BEGIN

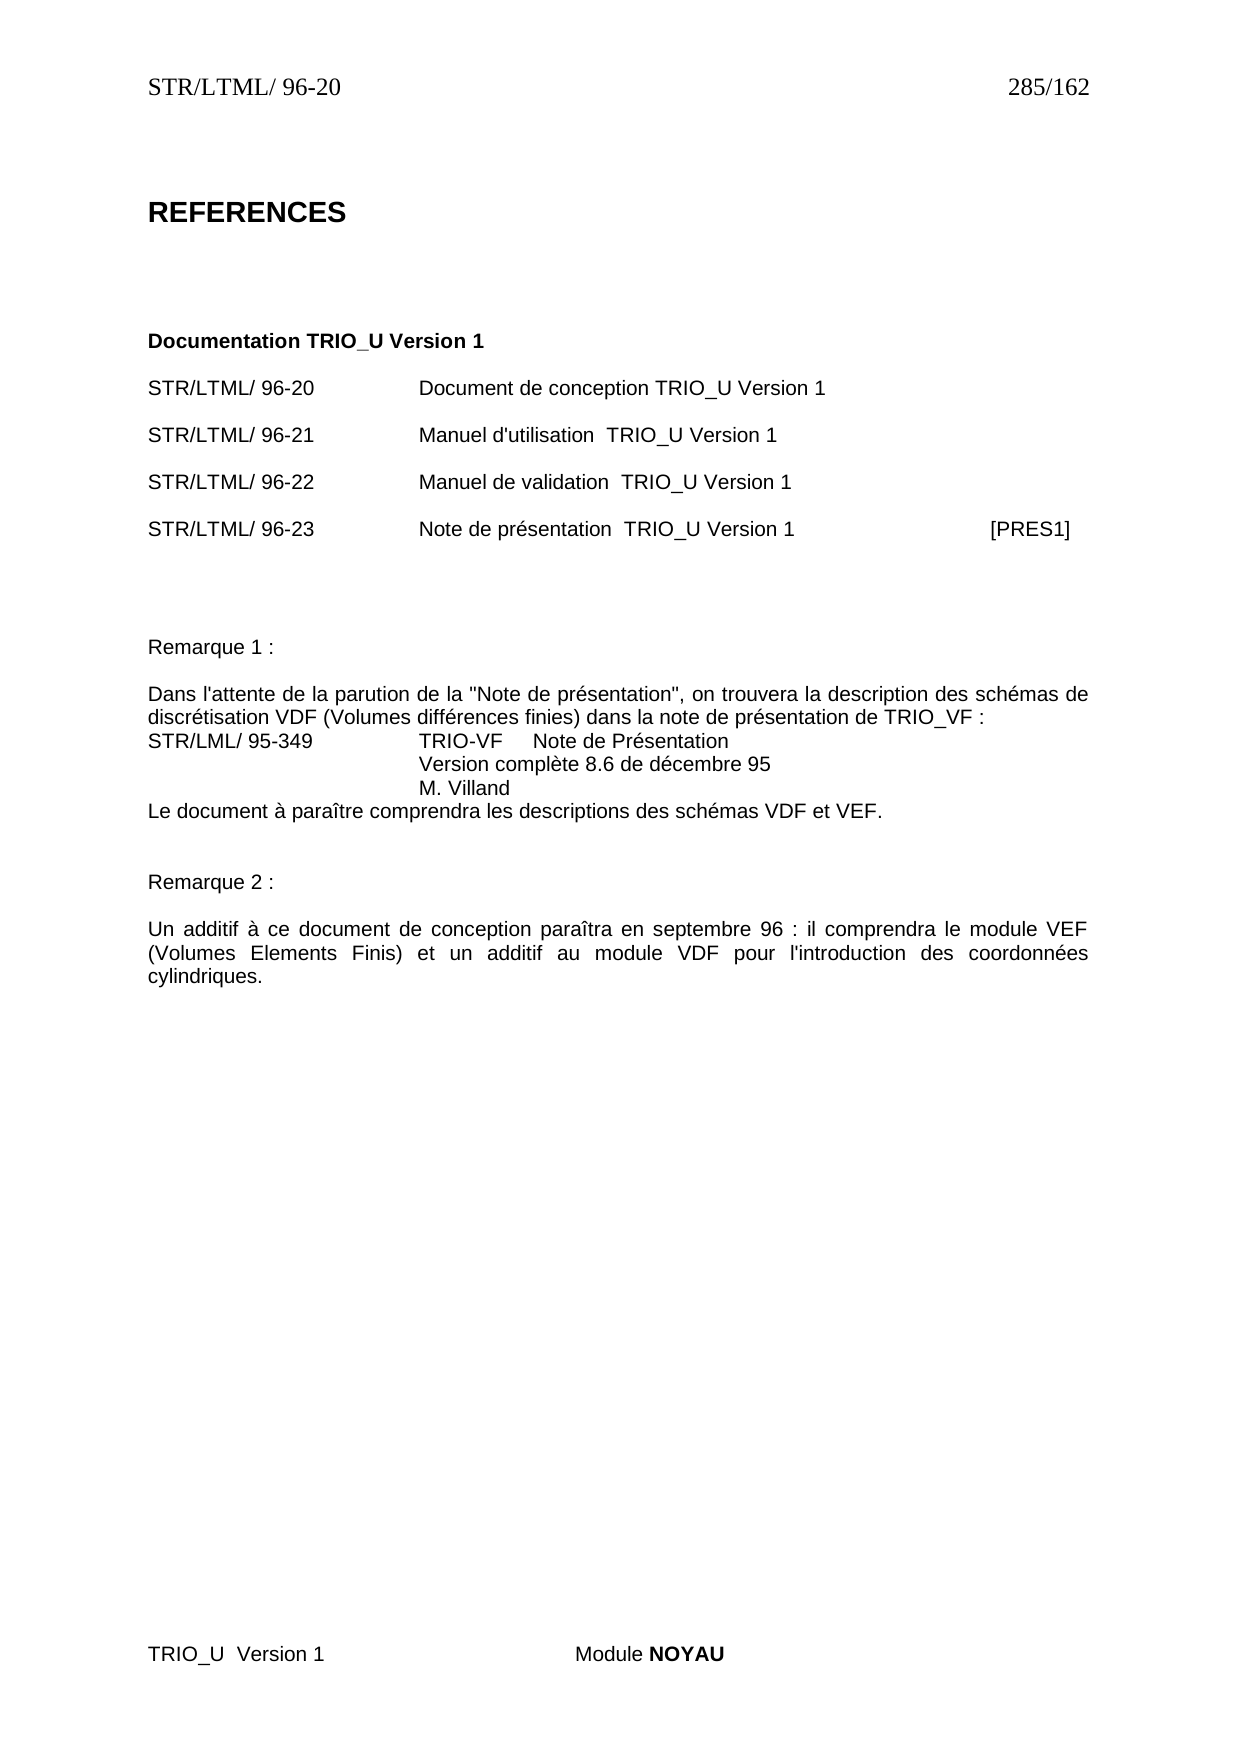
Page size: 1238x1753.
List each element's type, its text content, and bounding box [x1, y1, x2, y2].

text Le document à paraître comprendra les descriptions des schémas VDF et VEF. [148, 800, 1090, 823]
text STR/LTML/ 96-20 Document de conception TRIO_U Version 1 [148, 376, 1090, 400]
text STR/LTML/ 96-22 Manuel de validation TRIO_U Version 1 [148, 470, 1090, 494]
text Un additif à ce document de conception paraîtra en septembre 96 : il comprendra le module VEF (Volumes Elements Finis) et un additif au module VDF pour l'introduction des coordonnées cylindriques. [148, 918, 1090, 988]
text STR/LTML/ 96-23 Note de présentation TRIO_U Version 1 [PRES1] [148, 517, 1090, 541]
text STR/LML/ 95-349 TRIO-VF Note de Présentation [148, 729, 1090, 753]
text M. Villand [148, 776, 1090, 800]
text STR/LTML/ 96-21 Manuel d'utilisation TRIO_U Version 1 [148, 423, 1090, 447]
text Version complète 8.6 de décembre 95 [148, 753, 1090, 776]
text Documentation TRIO_U Version 1 [148, 329, 1090, 353]
text Remarque 1 : [148, 635, 1090, 659]
subtitle REFERENCES [148, 196, 1090, 229]
text Dans l'attente de la parution de la "Note de présentation", on trouvera la description des schémas de discrétisation VDF (Volumes différences finies) dans la note de présentation de TRIO_VF : [148, 682, 1090, 729]
text Remarque 2 : [148, 871, 1090, 894]
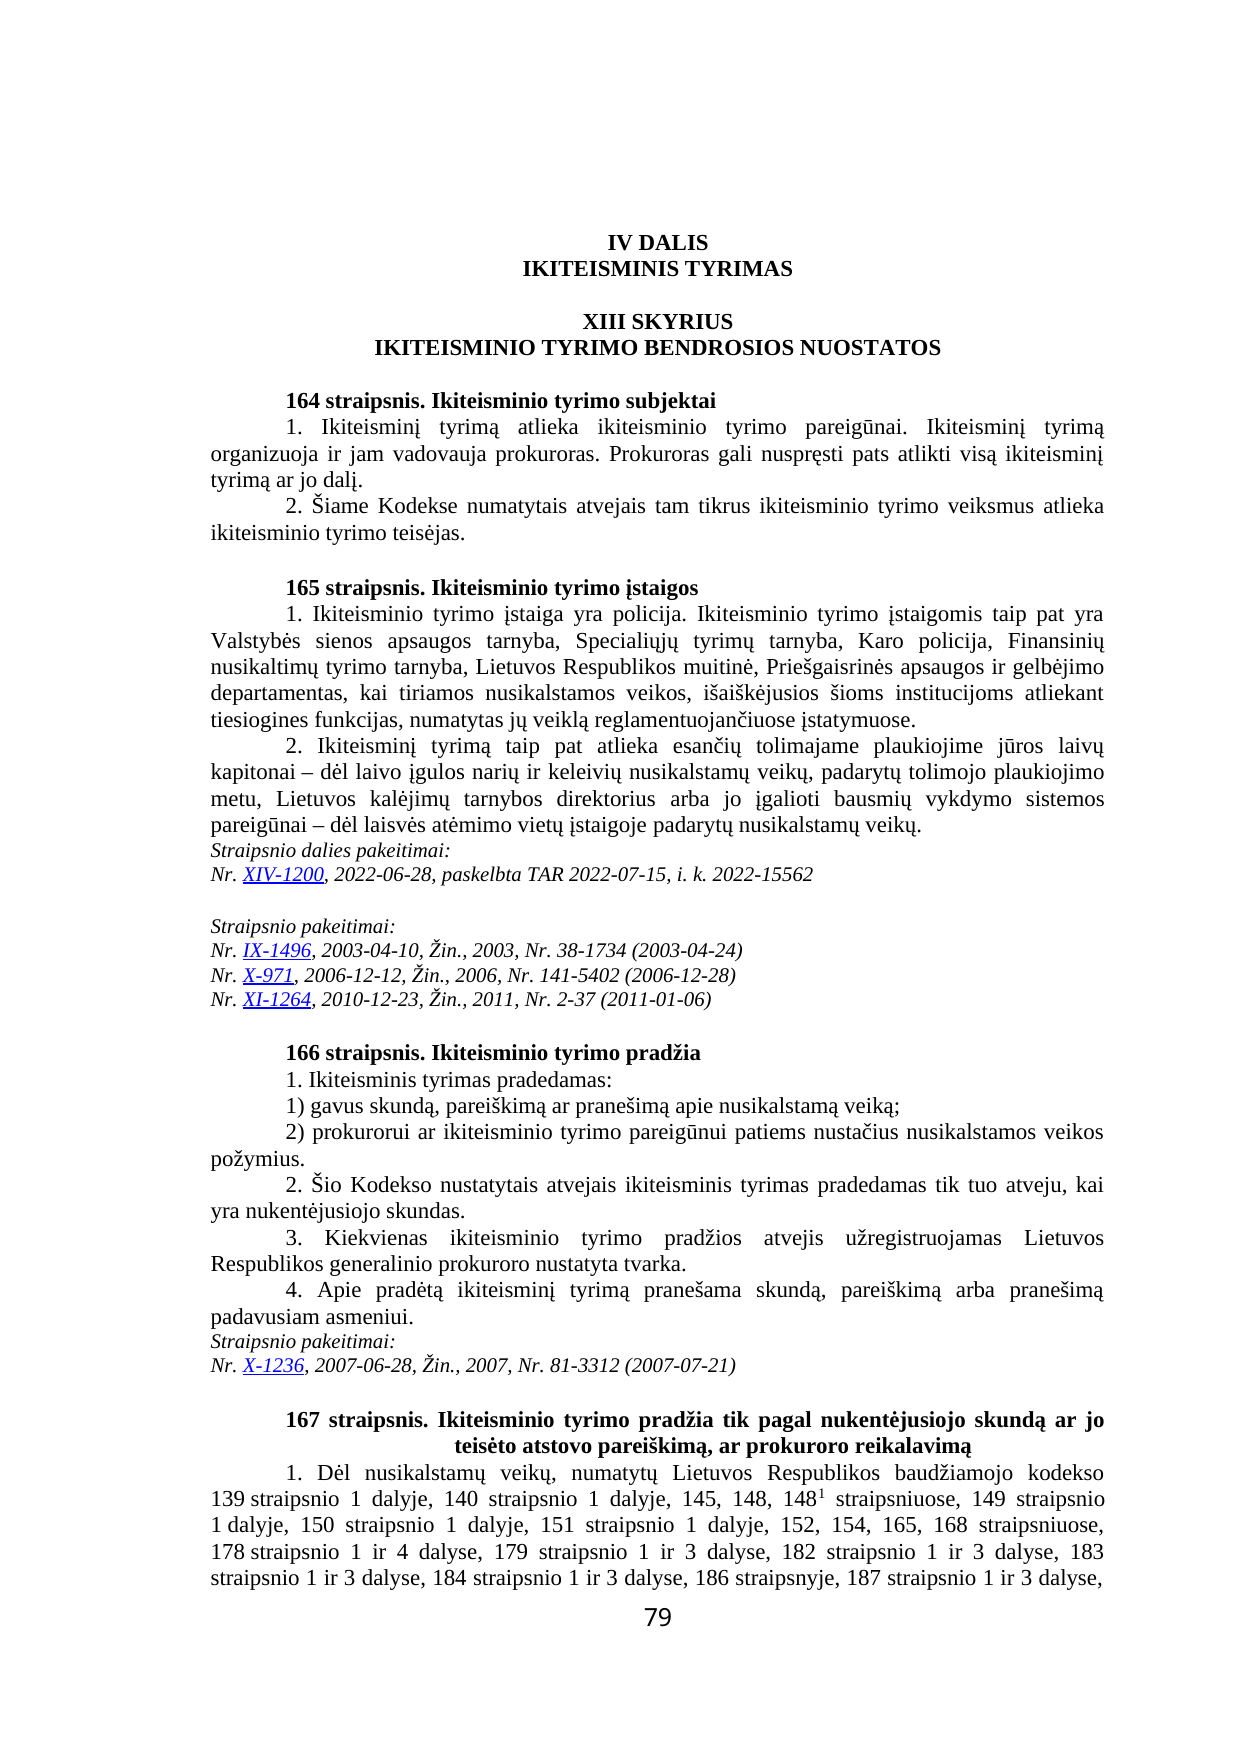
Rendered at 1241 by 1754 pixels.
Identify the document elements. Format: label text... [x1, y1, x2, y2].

text Nr. X-971, 2006-12-12, Žin., 2006, Nr. 141-5402 (2006-12-28) [210, 962, 1105, 987]
text 3. Kiekvienas ikiteisminio tyrimo pradžios atvejis užregistruojamas Lietuvos Respublikos generalinio prokuroro nustatyta tvarka. [210, 1224, 1105, 1277]
text Straipsnio dalies pakeitimai: [210, 837, 1105, 862]
text 167 straipsnis. Ikiteisminio tyrimo pradžia tik pagal nukentėjusiojo skundą ar jo teisėto atstovo pareiškimą, ar prokuroro reikalavimą [285, 1406, 1105, 1459]
text 2. Šiame Kodekse numatytais atvejais tam tikrus ikiteisminio tyrimo veiksmus atlieka ikiteisminio tyrimo teisėjas. [210, 492, 1105, 545]
subtitle XIII skyrius [210, 308, 1105, 334]
text 1. Ikiteisminį tyrimą atlieka ikiteisminio tyrimo pareigūnai. Ikiteisminį tyrimą organizuoja ir jam vadovauja prokuroras. Prokuroras gali nuspręsti pats atlikti visą ikiteisminį tyrimą ar jo dalį. [210, 413, 1105, 492]
text Straipsnio pakeitimai: [210, 1329, 1105, 1353]
text 165 straipsnis. Ikiteisminio tyrimo įstaigos [210, 574, 1105, 600]
text 2. Šio Kodekso nustatytais atvejais ikiteisminis tyrimas pradedamas tik tuo atveju, kai yra nukentėjusiojo skundas. [210, 1171, 1105, 1224]
text Ikiteisminis tyrimas [210, 255, 1105, 282]
text 2) prokurorui ar ikiteisminio tyrimo pareigūnui patiems nustačius nusikalstamos veikos požymius. [210, 1118, 1105, 1171]
text Ikiteisminio tyrimo bendrosios nuostatos [210, 334, 1105, 361]
text 1. Ikiteisminio tyrimo įstaiga yra policija. Ikiteisminio tyrimo įstaigomis taip pat yra Valstybės sienos apsaugos tarnyba, Specialiųjų tyrimų tarnyba, Karo policija, Finansinių nusikaltimų tyrimo tarnyba, Lietuvos Respublikos muitinė, Priešgaisrinės apsaugos ir gelbėjimo departamentas, kai tiriamos nusikalstamos veikos, išaiškėjusios šioms institucijoms atliekant tiesiogines funkcijas, numatytas jų veiklą reglamentuojančiuose įstatymuose. [210, 600, 1105, 732]
text 2. Ikiteisminį tyrimą taip pat atlieka esančių tolimajame plaukiojime jūros laivų kapitonai – dėl laivo įgulos narių ir keleivių nusikalstamų veikų, padarytų tolimojo plaukiojimo metu, Lietuvos kalėjimų tarnybos direktorius arba jo įgalioti bausmių vykdymo sistemos pareigūnai – dėl laisvės atėmimo vietų įstaigoje padarytų nusikalstamų veikų. [210, 732, 1105, 837]
text Nr. IX-1496, 2003-04-10, Žin., 2003, Nr. 38-1734 (2003-04-24) [210, 938, 1105, 962]
text 1) gavus skundą, pareiškimą ar pranešimą apie nusikalstamą veiką; [210, 1092, 1105, 1118]
text 1. Ikiteisminis tyrimas pradedamas: [210, 1066, 1105, 1092]
text Nr. XIV-1200, 2022-06-28, paskelbta TAR 2022-07-15, i. k. 2022-15562 [210, 862, 1105, 886]
text 1. Dėl nusikalstamų veikų, numatytų Lietuvos Respublikos baudžiamojo kodekso 139 straipsnio 1 dalyje, 140 straipsnio 1 dalyje, 145, 148, 1481 straipsniuose, 149 straipsnio 1 dalyje, 150 straipsnio 1 dalyje, 151 straipsnio 1 dalyje, 152, 154, 165, 168 straipsniuose, 178 straipsnio 1 ir 4 dalyse, 179 straipsnio 1 ir 3 dalyse, 182 straipsnio 1 ir 3 dalyse, 183 straipsnio 1 ir 3 dalyse, 184 straipsnio 1 ir 3 dalyse, 186 straipsnyje, 187 straipsnio 1 ir 3 dalyse, [210, 1459, 1105, 1591]
text Nr. X-1236, 2007-06-28, Žin., 2007, Nr. 81-3312 (2007-07-21) [210, 1353, 1105, 1377]
subtitle IV dalis [210, 229, 1105, 255]
text Nr. XI-1264, 2010-12-23, Žin., 2011, Nr. 2-37 (2011-01-06) [210, 987, 1105, 1011]
text 4. Apie pradėtą ikiteisminį tyrimą pranešama skundą, pareiškimą arba pranešimą padavusiam asmeniui. [210, 1277, 1105, 1329]
text Straipsnio pakeitimai: [210, 914, 1105, 938]
text 164 straipsnis. Ikiteisminio tyrimo subjektai [210, 387, 1105, 413]
text 166 straipsnis. Ikiteisminio tyrimo pradžia [210, 1039, 1105, 1066]

END

# Aim of the task
Here the output must be the lines above from the line with "text STR/LTML/ 96-20" to the line with "text STR/LTML/ 96-22", both included, duplicated word for word and nothing else.

# Exercise solution
text STR/LTML/ 96-20 Document de conception TRIO_U Version 1 [148, 376, 1090, 400]
text STR/LTML/ 96-22 Manuel de validation TRIO_U Version 1 [148, 470, 1090, 494]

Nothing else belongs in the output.